What you need to do :: Print the lines that run from the line with "- cardboard box <box>1489,58,1510,107</box>" to the line with "- cardboard box <box>466,37,481,68</box>", keeping both end lines, exactly as they appear in the entries below, and nothing else.

Records for processing ::
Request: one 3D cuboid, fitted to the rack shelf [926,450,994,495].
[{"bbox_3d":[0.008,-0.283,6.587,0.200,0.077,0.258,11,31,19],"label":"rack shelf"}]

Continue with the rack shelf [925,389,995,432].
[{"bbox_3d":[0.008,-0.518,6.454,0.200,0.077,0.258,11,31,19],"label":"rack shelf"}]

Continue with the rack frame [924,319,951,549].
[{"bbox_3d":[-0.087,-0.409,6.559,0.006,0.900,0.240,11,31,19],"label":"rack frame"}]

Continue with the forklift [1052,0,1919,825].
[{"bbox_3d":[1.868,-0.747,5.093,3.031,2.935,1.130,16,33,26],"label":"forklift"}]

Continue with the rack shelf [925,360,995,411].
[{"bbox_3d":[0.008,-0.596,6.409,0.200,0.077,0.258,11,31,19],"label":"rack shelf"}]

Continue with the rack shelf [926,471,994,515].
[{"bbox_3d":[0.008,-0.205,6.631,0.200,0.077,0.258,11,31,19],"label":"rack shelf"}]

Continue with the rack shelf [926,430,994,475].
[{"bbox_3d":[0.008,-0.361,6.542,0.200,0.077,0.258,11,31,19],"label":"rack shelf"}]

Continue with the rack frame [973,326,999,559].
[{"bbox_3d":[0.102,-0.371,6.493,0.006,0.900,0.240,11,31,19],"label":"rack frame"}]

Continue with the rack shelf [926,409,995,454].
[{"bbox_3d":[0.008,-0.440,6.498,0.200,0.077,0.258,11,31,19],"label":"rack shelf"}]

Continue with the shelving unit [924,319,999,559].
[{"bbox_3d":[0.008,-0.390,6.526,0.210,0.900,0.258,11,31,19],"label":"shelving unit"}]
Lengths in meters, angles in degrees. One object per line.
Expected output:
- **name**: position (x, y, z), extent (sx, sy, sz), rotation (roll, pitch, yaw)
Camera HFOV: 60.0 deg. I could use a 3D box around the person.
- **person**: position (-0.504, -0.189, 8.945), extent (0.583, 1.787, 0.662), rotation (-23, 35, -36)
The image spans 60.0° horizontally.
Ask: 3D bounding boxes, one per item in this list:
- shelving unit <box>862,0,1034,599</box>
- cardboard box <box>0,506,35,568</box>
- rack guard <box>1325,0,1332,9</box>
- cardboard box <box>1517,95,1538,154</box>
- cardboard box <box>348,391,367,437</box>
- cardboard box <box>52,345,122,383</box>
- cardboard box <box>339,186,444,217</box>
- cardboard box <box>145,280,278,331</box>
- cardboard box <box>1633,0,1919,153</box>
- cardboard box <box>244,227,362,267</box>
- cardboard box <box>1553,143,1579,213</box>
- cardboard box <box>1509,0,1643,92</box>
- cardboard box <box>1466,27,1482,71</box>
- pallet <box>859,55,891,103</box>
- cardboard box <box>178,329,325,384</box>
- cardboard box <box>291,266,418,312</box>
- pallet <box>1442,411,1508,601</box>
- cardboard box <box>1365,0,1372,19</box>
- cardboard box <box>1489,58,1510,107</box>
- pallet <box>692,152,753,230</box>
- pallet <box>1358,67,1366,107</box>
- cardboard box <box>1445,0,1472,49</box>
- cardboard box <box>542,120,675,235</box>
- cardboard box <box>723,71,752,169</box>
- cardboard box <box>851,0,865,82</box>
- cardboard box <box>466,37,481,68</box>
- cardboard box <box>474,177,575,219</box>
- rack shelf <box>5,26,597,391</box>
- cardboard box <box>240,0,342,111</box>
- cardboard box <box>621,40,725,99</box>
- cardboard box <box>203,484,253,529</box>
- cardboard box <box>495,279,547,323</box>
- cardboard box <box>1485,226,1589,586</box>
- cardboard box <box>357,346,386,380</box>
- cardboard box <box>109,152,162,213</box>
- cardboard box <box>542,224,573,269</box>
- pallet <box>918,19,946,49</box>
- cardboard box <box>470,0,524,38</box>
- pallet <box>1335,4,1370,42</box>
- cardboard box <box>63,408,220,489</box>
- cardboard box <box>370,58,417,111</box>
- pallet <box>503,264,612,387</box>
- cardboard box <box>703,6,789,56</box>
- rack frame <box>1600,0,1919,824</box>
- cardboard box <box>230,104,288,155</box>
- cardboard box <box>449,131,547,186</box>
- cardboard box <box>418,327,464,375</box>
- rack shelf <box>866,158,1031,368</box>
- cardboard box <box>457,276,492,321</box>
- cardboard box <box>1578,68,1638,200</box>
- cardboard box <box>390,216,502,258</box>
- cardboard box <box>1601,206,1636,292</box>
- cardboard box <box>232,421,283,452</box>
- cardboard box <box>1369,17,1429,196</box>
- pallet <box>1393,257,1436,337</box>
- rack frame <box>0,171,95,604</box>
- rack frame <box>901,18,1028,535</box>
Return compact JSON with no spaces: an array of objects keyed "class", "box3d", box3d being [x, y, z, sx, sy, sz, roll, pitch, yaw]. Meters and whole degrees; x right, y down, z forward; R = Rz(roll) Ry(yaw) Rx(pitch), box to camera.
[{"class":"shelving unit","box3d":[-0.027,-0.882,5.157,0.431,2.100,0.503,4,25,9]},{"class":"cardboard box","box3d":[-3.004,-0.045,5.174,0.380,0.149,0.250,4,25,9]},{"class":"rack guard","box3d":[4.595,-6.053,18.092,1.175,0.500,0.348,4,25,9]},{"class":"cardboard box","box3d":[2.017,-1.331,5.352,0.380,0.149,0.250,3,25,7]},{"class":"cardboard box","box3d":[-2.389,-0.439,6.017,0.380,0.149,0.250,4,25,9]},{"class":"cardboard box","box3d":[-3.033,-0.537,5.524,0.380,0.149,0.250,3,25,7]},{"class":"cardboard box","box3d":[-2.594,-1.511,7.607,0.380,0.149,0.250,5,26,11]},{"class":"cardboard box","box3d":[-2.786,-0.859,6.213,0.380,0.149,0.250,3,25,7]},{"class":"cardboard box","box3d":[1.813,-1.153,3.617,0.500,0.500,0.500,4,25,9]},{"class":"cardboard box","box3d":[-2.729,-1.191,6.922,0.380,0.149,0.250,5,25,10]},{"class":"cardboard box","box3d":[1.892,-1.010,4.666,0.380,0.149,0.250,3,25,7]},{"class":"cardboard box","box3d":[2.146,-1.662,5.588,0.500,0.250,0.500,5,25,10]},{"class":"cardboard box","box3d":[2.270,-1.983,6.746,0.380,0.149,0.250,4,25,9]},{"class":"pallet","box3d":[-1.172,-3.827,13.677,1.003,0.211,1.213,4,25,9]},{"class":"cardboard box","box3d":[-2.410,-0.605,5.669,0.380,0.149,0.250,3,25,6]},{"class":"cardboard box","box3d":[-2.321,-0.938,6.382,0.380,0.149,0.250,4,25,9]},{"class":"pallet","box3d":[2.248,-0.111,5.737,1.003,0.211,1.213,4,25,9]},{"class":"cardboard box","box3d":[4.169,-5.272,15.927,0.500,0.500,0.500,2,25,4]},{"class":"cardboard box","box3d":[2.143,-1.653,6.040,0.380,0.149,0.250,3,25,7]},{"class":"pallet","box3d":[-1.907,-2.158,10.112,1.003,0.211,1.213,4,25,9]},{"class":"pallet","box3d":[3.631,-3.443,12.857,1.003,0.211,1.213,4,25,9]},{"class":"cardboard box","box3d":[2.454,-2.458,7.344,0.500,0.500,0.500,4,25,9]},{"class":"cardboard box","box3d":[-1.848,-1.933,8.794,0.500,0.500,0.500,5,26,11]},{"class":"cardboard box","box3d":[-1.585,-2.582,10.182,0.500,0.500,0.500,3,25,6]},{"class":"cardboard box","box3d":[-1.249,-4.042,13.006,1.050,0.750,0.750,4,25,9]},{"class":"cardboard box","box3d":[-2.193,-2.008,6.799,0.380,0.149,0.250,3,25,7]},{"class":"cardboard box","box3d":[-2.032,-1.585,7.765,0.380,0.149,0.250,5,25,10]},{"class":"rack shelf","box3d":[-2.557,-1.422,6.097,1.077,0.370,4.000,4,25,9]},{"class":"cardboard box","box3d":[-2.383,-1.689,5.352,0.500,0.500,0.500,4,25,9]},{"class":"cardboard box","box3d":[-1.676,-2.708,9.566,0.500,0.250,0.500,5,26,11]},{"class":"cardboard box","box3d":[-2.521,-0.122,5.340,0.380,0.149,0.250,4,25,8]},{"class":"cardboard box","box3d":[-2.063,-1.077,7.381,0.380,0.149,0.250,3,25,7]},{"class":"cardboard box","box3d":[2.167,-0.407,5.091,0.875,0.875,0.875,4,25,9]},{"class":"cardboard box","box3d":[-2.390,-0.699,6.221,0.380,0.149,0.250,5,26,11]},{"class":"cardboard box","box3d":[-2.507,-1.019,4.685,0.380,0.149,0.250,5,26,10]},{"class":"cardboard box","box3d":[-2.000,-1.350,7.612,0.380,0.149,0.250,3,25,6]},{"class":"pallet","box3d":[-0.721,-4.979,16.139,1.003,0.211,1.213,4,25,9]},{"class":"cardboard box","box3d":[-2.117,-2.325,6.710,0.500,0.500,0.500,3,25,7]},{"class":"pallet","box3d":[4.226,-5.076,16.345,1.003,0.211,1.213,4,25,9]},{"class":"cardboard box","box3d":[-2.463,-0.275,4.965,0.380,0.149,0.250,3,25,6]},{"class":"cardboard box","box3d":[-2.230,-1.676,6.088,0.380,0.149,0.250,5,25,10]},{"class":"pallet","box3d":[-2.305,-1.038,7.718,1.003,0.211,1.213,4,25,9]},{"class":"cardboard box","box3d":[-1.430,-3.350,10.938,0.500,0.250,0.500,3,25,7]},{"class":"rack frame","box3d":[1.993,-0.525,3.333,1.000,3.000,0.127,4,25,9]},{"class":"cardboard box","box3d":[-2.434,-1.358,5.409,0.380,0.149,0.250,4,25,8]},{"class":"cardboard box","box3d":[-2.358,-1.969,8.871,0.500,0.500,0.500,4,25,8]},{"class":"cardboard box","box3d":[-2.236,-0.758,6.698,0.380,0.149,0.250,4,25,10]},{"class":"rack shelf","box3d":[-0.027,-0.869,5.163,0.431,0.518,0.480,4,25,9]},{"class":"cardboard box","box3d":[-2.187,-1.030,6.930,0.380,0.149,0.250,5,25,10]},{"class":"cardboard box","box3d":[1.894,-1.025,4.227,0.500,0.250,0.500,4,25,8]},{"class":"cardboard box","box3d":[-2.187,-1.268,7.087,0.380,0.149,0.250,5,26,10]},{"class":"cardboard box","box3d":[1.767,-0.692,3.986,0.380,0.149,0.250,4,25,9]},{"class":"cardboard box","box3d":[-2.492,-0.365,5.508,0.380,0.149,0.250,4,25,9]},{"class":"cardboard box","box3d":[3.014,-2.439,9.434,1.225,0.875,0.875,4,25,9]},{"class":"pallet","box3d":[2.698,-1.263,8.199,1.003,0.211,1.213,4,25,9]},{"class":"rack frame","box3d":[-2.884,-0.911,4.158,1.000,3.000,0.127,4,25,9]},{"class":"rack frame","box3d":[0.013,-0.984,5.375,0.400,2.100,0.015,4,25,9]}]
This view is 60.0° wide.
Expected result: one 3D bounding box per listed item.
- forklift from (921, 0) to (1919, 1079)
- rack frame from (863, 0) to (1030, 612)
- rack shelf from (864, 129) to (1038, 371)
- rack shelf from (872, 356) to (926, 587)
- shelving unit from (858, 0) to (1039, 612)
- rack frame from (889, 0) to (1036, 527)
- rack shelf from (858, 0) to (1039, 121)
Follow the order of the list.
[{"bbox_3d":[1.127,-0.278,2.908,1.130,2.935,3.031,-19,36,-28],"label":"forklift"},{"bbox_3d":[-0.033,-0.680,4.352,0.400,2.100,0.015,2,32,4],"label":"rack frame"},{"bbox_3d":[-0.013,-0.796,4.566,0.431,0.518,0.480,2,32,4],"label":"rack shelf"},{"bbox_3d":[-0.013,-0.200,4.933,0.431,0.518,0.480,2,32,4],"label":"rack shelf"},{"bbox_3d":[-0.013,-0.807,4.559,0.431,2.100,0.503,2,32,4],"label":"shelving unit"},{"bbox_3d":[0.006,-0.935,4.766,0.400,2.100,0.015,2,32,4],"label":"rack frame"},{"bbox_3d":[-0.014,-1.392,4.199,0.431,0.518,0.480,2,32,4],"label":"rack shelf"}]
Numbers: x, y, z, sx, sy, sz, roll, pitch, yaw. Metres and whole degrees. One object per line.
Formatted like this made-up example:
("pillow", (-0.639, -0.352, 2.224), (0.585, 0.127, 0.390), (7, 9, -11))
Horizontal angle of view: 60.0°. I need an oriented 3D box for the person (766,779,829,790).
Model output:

Written reply ::
- cardboard box <box>1489,58,1510,107</box>
- pallet <box>692,152,753,230</box>
- pallet <box>1358,67,1366,107</box>
- cardboard box <box>1445,0,1472,49</box>
- cardboard box <box>542,120,675,235</box>
- cardboard box <box>723,71,752,169</box>
- cardboard box <box>851,0,865,82</box>
- cardboard box <box>466,37,481,68</box>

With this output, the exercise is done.